In the article “I.P.F., Not Aging, Could Be Causing Breathlessness” in the New York Times this week, columnist Jane Brody explains that the drug Esbriet (pirfenidone) can “slow the loss of lung function and significantly reduce deaths” from an incurable lung disease called idiopathic pulmonary fibrosis, or I.P.F.

The article notes that Esbriet was approved in the U.S. in 2014 and now 14,000 people have begun treatment, which costs $94,000 per year. The article also notes that the drug has been available for several years in other parts of the world (including Japan, India, Europe and Canada).

What the article does not mention is that this incredible drug can be purchased at just a fraction of the cost through many online pharmacies which dispense it from licensed pharmacies outside the U.S – where the cost is only about $2,000 per year, rather than $94,000 per year.

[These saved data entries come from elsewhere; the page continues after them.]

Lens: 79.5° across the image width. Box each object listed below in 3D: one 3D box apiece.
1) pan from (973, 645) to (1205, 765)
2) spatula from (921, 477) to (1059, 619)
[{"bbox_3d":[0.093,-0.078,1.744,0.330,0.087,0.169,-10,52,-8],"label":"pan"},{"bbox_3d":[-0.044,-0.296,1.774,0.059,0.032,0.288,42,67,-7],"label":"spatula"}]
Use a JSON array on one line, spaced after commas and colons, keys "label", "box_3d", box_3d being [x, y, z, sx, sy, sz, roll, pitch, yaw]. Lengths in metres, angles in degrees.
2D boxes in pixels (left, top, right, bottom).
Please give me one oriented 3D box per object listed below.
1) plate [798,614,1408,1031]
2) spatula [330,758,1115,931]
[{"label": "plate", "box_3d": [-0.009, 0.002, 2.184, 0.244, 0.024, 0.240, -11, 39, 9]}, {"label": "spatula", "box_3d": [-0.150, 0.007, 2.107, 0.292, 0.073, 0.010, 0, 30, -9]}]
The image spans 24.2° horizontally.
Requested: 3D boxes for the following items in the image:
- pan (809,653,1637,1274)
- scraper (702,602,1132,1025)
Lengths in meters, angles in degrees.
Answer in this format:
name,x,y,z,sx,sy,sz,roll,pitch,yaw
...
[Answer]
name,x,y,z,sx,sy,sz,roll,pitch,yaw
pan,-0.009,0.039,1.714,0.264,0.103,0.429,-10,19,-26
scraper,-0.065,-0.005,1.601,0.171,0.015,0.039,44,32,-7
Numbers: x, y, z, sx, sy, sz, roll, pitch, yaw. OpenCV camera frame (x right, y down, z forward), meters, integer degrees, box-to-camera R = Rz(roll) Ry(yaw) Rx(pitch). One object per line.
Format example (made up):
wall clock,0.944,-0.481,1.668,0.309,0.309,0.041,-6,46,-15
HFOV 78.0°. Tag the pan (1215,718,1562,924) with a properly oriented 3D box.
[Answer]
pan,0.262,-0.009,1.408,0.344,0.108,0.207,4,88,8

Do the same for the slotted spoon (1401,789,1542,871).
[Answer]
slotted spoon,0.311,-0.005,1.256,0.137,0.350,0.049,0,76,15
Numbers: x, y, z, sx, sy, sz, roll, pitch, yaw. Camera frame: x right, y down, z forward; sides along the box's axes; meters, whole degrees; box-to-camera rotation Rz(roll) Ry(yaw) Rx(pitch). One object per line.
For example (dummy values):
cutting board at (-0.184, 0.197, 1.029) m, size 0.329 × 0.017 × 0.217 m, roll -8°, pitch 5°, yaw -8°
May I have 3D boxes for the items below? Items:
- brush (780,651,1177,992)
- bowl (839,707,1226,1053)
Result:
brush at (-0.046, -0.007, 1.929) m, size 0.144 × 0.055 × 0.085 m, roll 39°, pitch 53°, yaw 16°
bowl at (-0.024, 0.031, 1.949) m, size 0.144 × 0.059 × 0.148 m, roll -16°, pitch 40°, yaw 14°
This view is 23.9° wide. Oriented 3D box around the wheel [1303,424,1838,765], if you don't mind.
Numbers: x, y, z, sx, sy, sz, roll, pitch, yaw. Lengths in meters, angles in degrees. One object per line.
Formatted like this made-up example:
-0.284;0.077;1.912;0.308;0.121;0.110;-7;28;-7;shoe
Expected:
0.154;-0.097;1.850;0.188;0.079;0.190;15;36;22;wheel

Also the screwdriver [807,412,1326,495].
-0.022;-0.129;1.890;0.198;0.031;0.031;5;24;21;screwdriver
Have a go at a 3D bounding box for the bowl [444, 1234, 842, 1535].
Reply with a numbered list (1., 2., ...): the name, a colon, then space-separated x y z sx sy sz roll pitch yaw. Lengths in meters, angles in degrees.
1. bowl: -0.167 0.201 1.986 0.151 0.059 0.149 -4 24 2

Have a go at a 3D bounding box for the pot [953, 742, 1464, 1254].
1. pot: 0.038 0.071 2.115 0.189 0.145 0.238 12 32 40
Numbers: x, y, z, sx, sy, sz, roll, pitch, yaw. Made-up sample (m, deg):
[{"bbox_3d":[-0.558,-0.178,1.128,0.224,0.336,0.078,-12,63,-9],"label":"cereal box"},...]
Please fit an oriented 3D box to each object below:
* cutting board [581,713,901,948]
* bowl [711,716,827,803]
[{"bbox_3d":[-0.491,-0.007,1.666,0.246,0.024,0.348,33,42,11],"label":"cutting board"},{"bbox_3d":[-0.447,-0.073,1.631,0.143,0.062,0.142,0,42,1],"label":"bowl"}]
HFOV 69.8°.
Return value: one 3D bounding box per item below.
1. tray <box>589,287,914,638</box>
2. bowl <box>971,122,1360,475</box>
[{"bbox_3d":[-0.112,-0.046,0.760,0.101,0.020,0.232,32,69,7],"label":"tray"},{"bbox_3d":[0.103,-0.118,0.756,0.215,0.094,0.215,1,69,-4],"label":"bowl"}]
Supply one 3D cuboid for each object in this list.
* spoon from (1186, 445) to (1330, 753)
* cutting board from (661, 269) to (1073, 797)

The standard dose of Esbriet is 801 mg per day – 3 capsules, each containing 267 mg of pirfenidone, according to the NIH website DailyMed. Outside the U.S., pirfenidone is sold as 200 mg capsules (so 4 capsules would provide a similar dose – 800 mg). In the U.S., the price of each 267 mg capsule (without any discount) comes out to about $85, while a 200 mg capsule from outside the U.S. costs about $1.50 (prices listed at http://www.pharmacychecker.com/generic/price-comparison/pirfenidone/200+mg/)

Why must Americans (and our government programs) pay 40 to 50 times more than to get this drug in the U.S. than from elsewhere?